**Information provided**
BEGIN
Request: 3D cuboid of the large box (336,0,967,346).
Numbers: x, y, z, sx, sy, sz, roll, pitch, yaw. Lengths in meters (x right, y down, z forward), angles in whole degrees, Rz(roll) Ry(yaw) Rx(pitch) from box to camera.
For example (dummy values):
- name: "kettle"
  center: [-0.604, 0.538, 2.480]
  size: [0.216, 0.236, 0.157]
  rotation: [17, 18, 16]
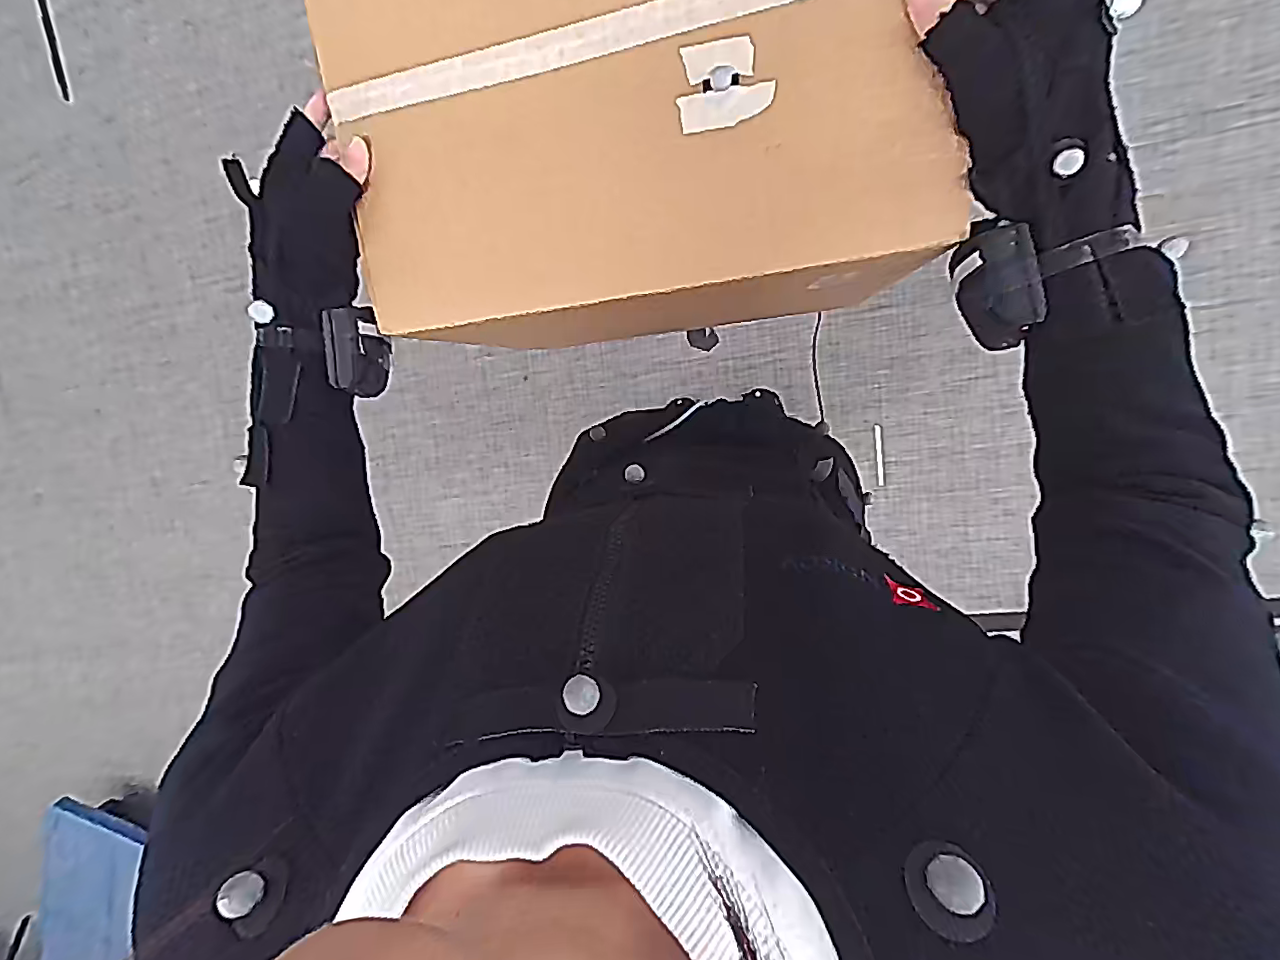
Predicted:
- name: "large box"
  center: [0.014, -0.315, 0.495]
  size: [0.408, 0.320, 0.320]
  rotation: [-6, 101, 11]
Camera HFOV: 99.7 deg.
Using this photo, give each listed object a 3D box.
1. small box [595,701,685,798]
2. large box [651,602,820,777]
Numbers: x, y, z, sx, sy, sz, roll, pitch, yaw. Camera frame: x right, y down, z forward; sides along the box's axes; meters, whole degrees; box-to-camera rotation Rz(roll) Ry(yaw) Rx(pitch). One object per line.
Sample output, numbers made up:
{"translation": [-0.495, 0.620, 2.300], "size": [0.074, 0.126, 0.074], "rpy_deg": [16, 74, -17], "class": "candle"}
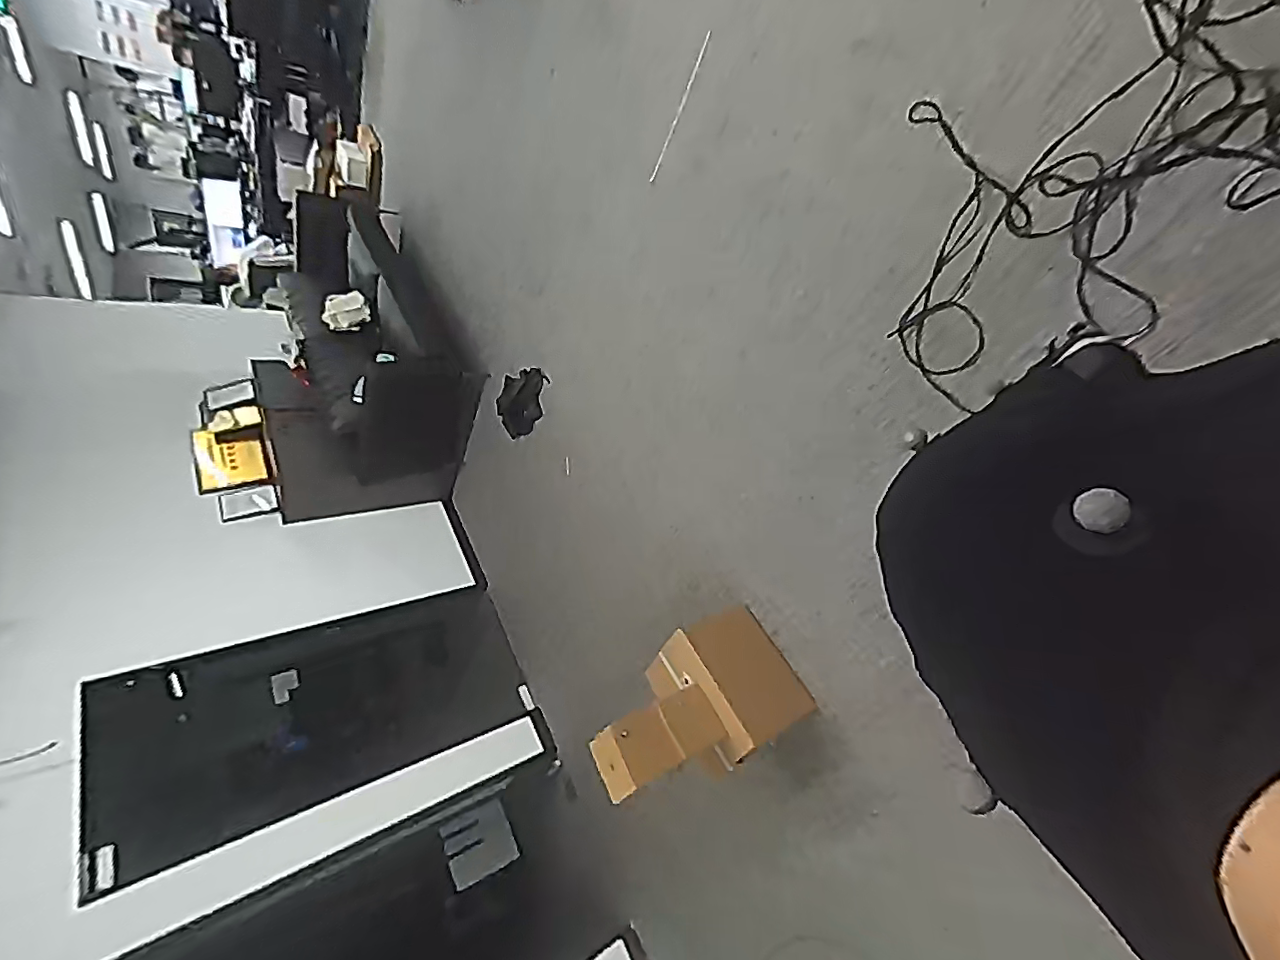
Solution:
{"translation": [0.000, 0.769, 1.550], "size": [0.179, 0.176, 0.168], "rpy_deg": [59, 138, 28], "class": "small box"}
{"translation": [0.308, 0.684, 1.806], "size": [0.408, 0.320, 0.320], "rpy_deg": [56, 135, 31], "class": "large box"}
END
**What is required**
Copy out exactly the lines from the one with "Sample output, numbers" through the end of the listing, both ends included, omitting any picture.

**Solution**
Sample output, numbers made up:
{"translation": [-0.495, 0.620, 2.300], "size": [0.074, 0.126, 0.074], "rpy_deg": [16, 74, -17], "class": "candle"}
Solution:
{"translation": [0.000, 0.769, 1.550], "size": [0.179, 0.176, 0.168], "rpy_deg": [59, 138, 28], "class": "small box"}
{"translation": [0.308, 0.684, 1.806], "size": [0.408, 0.320, 0.320], "rpy_deg": [56, 135, 31], "class": "large box"}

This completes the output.